DTC has no knowledge of the actual beneficial owners of the book-entry securities. Beneficial owners will not receive written confirmation from DTC of their purchase, but beneficial owners are expected to receive written confirmations providing details of the transaction, as well as periodic statements of their holdings, from the participants through which the beneficial owners purchase the securities.

DTC alone is responsible for any aspect of its records, any nominee or any participant relating to, or payments made on account of, beneficial interests in a global certificate or for maintaining, supervising or reviewing any of the records of DTC, any nominee or any participant relating to such beneficial interests.

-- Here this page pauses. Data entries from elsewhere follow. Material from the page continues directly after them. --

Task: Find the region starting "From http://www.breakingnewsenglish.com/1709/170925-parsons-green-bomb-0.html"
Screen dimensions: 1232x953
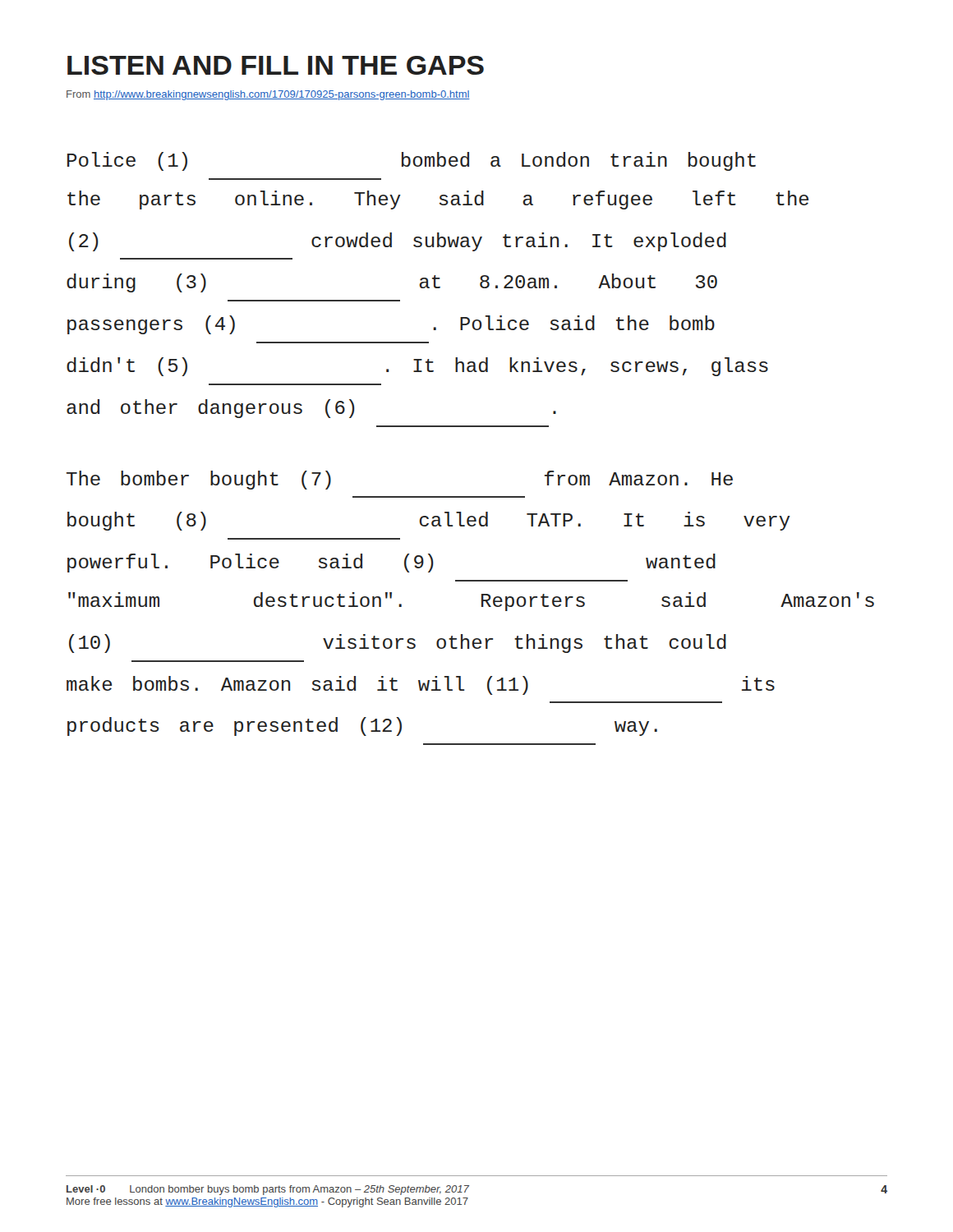Action: tap(268, 94)
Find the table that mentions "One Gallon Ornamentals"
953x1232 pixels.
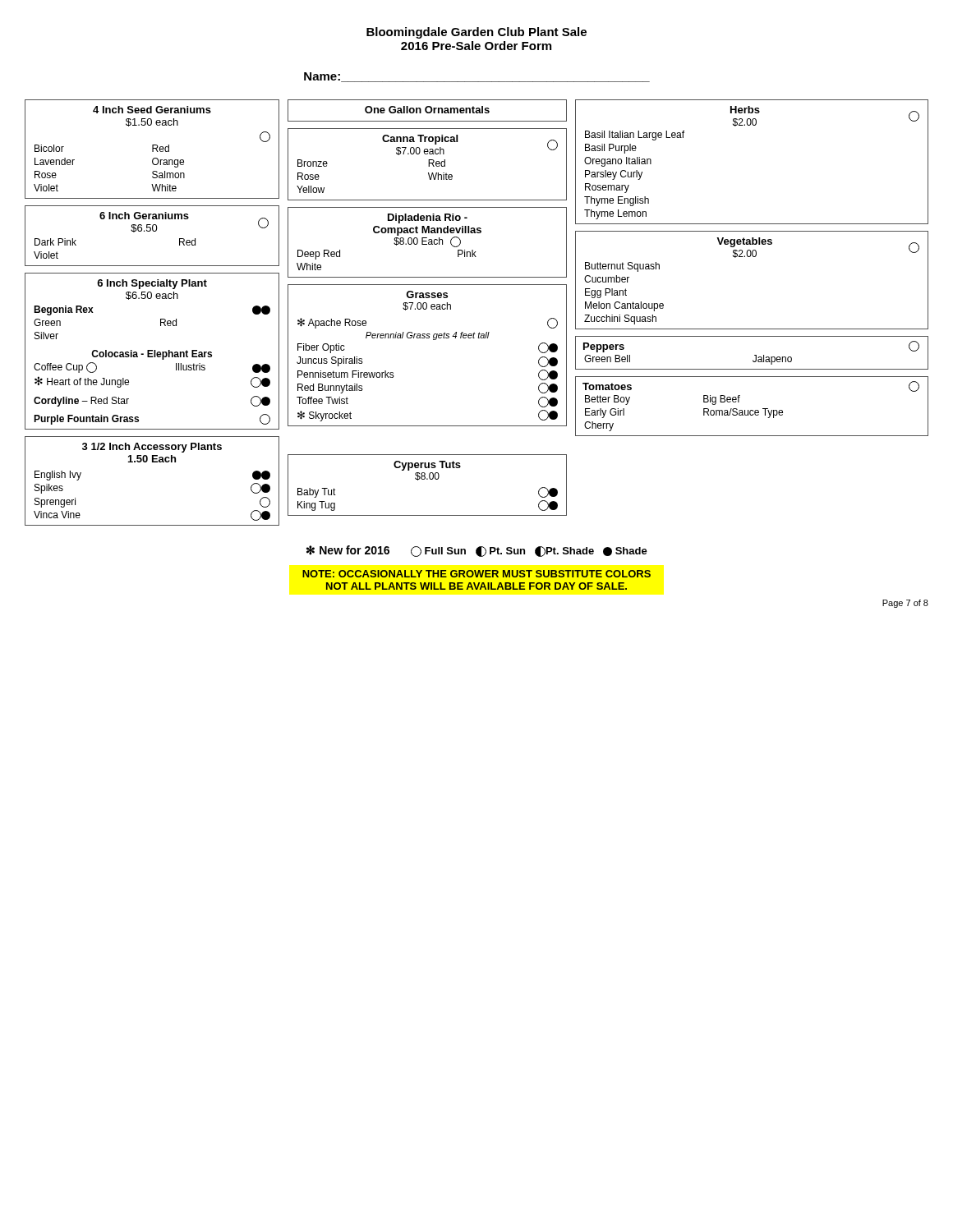pos(427,111)
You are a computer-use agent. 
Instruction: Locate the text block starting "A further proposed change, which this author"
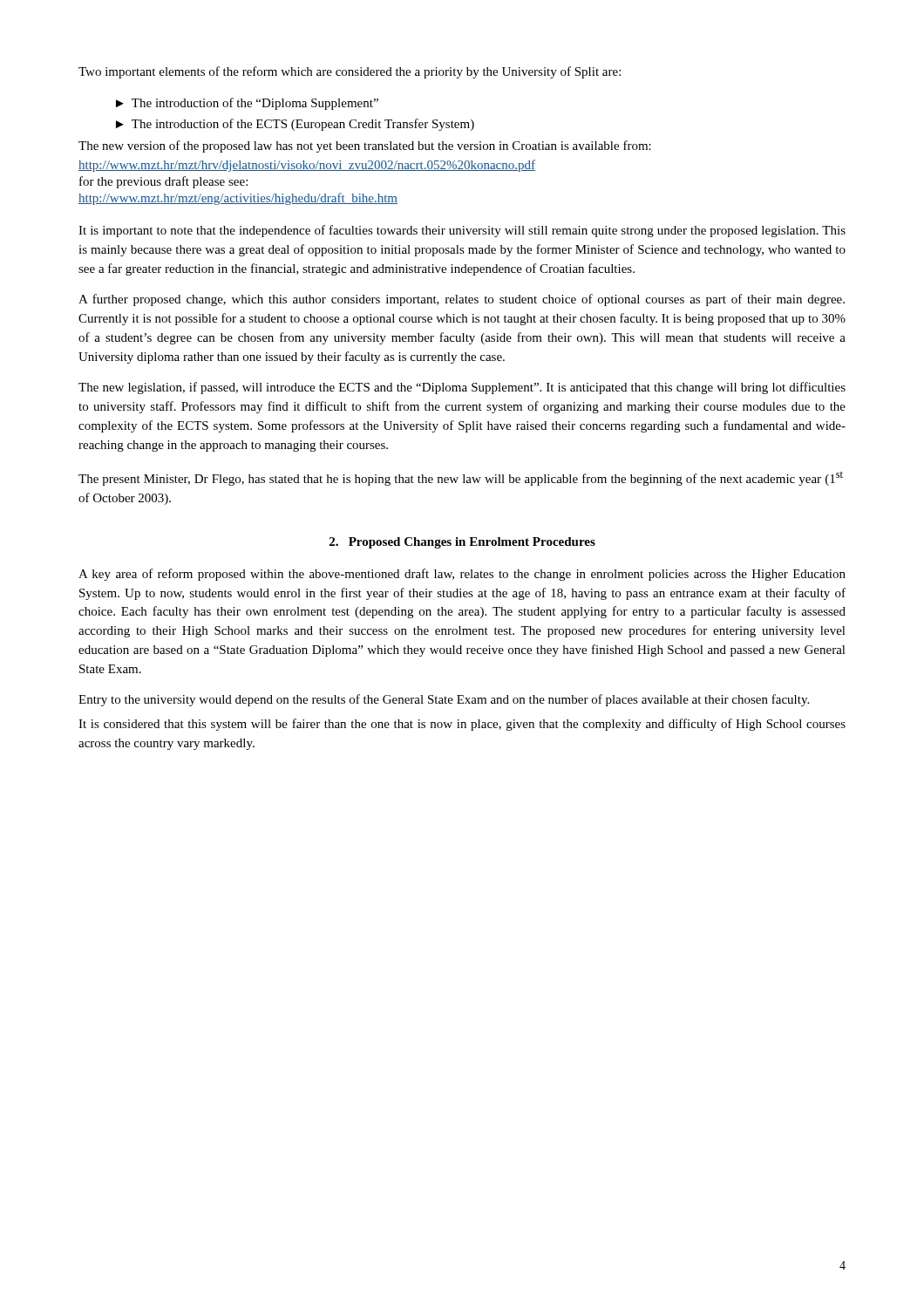point(462,329)

The laws of some jurisdictions require that certain purchasers of securities take physical delivery of the securities in definitive form. These laws may impair the ability to transfer beneficial interests in a global certificate.

We have been advised by DTC that upon the issuance of a global certificate and the deposit of that global certificate with DTC, DTC will immediately credit, on its book-entry registration and transfer system, the respective amounts represented by that global certificate to the accounts of its participants.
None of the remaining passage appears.